5 Ağustos 2015 Çarşamba

---İLKOKULA BAŞLAYAN ÇOCUKLARDA BULUNMASI GEREKENLER---

İLKOKULA BAŞLAYAN ÇOCUKLARDA BULUNMASI GEREKEN YETERLİLİKLER
Okul Olgunluğu, çocuğun fiziksel, sosyal, duygusal, bilişsel, dil alanında ilkokulda kendilerinden beklenen görevleri yerine getirecek olgunluk düzeyine ulaşmalarıdır. Başka bir deyişle çocuğun tüm gelişim alanlarında eşit bir şekilde desteklendiği uzun yıllara yayılan beceriler bütünüdür. Okul olgunluğu dünden bugüne kazanılamaz. İçinde birçok bilgi, beceri, davranış kazanımını gerektirir. Okula Hazırlık olarak isimlendirdiğimiz uzun soluklu bir süreci içerir.
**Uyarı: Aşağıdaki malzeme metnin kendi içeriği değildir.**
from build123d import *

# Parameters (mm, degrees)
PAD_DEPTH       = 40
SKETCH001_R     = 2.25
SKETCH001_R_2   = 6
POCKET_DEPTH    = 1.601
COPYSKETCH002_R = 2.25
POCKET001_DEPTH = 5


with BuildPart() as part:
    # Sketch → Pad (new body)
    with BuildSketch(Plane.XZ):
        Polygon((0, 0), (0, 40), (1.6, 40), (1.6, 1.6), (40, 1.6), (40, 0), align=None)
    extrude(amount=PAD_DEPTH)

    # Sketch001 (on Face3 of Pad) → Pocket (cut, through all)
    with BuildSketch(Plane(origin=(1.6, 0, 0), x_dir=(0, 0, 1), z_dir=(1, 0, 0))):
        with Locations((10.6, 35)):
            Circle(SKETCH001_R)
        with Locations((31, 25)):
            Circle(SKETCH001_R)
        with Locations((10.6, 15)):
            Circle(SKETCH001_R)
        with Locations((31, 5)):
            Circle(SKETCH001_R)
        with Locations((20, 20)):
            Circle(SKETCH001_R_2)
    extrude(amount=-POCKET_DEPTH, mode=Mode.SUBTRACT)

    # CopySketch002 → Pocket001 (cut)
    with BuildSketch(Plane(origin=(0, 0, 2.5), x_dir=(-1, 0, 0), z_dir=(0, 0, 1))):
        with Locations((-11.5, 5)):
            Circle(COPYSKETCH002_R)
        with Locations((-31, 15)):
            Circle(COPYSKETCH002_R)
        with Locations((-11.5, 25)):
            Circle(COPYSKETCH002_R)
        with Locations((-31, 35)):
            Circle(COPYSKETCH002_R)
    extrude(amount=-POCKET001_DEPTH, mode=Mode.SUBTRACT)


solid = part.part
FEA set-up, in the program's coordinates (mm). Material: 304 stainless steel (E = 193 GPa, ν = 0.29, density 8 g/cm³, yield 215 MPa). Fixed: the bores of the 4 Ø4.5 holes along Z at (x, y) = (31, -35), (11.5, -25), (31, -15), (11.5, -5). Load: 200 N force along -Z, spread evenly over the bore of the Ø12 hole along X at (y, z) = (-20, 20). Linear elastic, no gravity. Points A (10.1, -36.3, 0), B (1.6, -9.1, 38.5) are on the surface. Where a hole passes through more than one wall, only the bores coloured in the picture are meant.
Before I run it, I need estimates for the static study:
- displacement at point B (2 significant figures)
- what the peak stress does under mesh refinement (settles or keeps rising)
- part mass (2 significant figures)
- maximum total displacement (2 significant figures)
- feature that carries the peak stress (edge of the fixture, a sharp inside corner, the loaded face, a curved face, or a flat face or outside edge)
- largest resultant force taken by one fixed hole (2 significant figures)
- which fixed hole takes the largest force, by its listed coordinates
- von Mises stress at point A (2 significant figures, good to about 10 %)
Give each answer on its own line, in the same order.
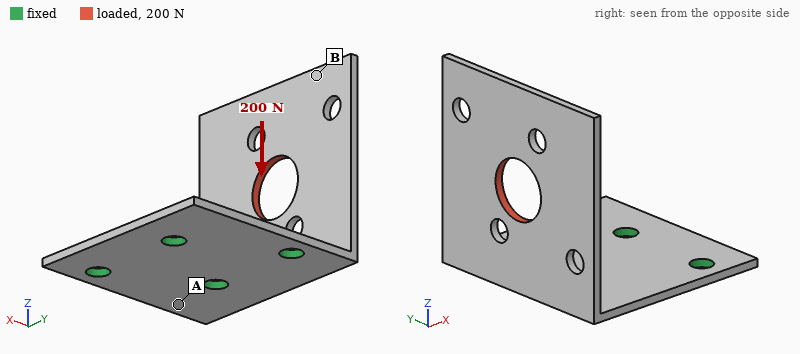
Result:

Ayrıca özbakım becerileri bir gelişim alanı olmasa da çocuğun hayat başarısı ve akademik başarısı açısından çok önemli olduğu için okul olgunluğu açısından son derece önemlidir.

Çocukların 1. sınıfa başladığında okul olgunluğuna sahip olması onların uyum sorunu yaşamasını engelleyerek okula adaptasyonunu kolaylaştırır.  Okul öncesi eğitim alan çocuklar için öğretmenler ve anne babalar, okul öncesi eğitim almayan çocuklar için ise mümkün olabildiği ölçüde evde, anne babalar tarafından bu yeterliliklerin kazandırılması önemlidir. Okul olgunluğu için temel olan yeterlilikleri aşağıdaki başlıklar altında ele alabiliriz:

  • Anneden ve evden kolay ayrılabilme, anneden ayrı olduğu için kırıklık duymama: İlkokula başlayan çocuğun okula kolay adapte olabilmesi için anneden kolay ayrılabilmesi ve anneden ayrı olduğu için kırıklık duymaması gerekir.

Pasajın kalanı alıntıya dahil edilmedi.